3、障害福祉計画の策定に当たっては、中長期的なビジョンを持ちつつ、障害者の地域生活に対する総合的な支援が計画的に行われるよう配慮すること。

4、障害者の高齢化・重度化や「親亡き後」も見据えつつ、障害児・者の地域生活支援をさらに推進する観点から、ケアホームと統合した後のグループホーム、小規模入所施設等を含め、地域における居住の支援の在り方について、早急に検討を行うこと。

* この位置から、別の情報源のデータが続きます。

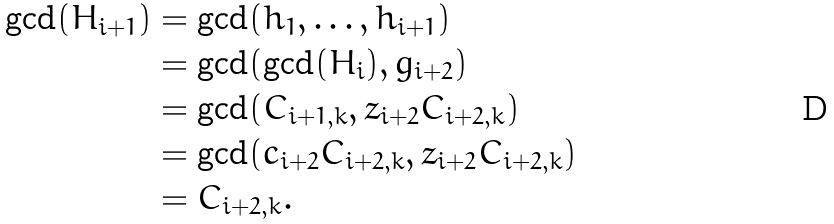Convert formula to latex. <formula><loc_0><loc_0><loc_500><loc_500>\gcd ( H _ { i + 1 } ) & = \gcd ( h _ { 1 } , \dots , h _ { i + 1 } ) \\ & = \gcd ( \gcd ( H _ { i } ) , g _ { i + 2 } ) \\ & = \gcd ( C _ { i + 1 , k } , z _ { i + 2 } C _ { i + 2 , k } ) \\ & = \gcd ( c _ { i + 2 } C _ { i + 2 , k } , z _ { i + 2 } C _ { i + 2 , k } ) \\ & = C _ { i + 2 , k } .</formula> 
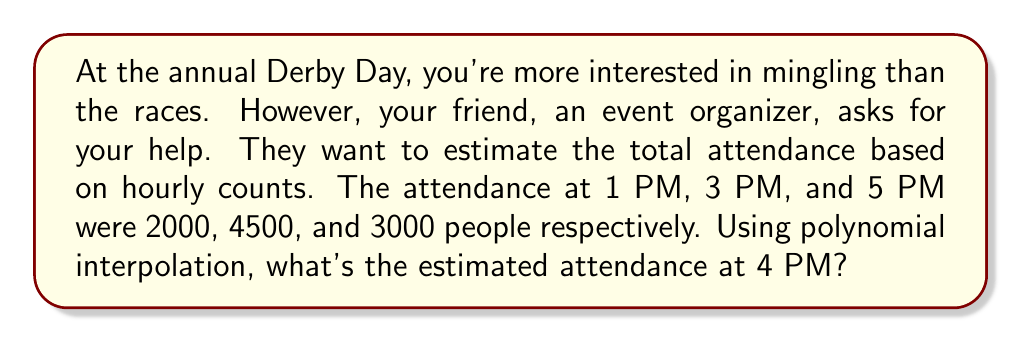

5、難病患者に対する医療、保健、研究、福祉、就労等の総合的な支援施策について、法整備も含め早急に検討し確立すること。

6、精神障害者の地域生活を支えるため、住まいの場の整備、医療、保健、福祉を包括したサービスの在り方、精神障害者やその家族が行う相談の在り方等の支援施策について、早急に検討を行うこと。

7、障害福祉サービスの利用の観点からの成年後見制度の利用の促進の在り方の検討と併せて、成年被後見人の政治参加の在り方について、検討を行うこと。

8、障害者の就労の支援の在り方については、障害者の一般就労をさらに促進するため、就労移行だけでなく就労定着への支援を行えるようなサービスの在り方について検討するとともに、一般就労する障害者を受け入れる企業への雇用率達成に向けた厳正な指導を引き続き行うこと。

9、障害児・者に対する福祉サービスに係る地方税や都市計画制度の取り扱いについて、社会福祉事業の円滑で安定的な運営に資するべく所要の配慮が行われるよう、地方自治体に対し周知する等の措置を講ずること。

10、常時介護を要する障害者等に対する支援その他の障害福祉サービスの在り方等の検討に当たっては、国と地方公共団体との役割分担を考慮しつつ、重度訪問介護等、長時間サービスを必要とする者に対して適切な支給決定がなされるよう、市町村に対する支援等の在り方についても、十分に検討を行い、その結果に基づいて、所要の措置を講ずること。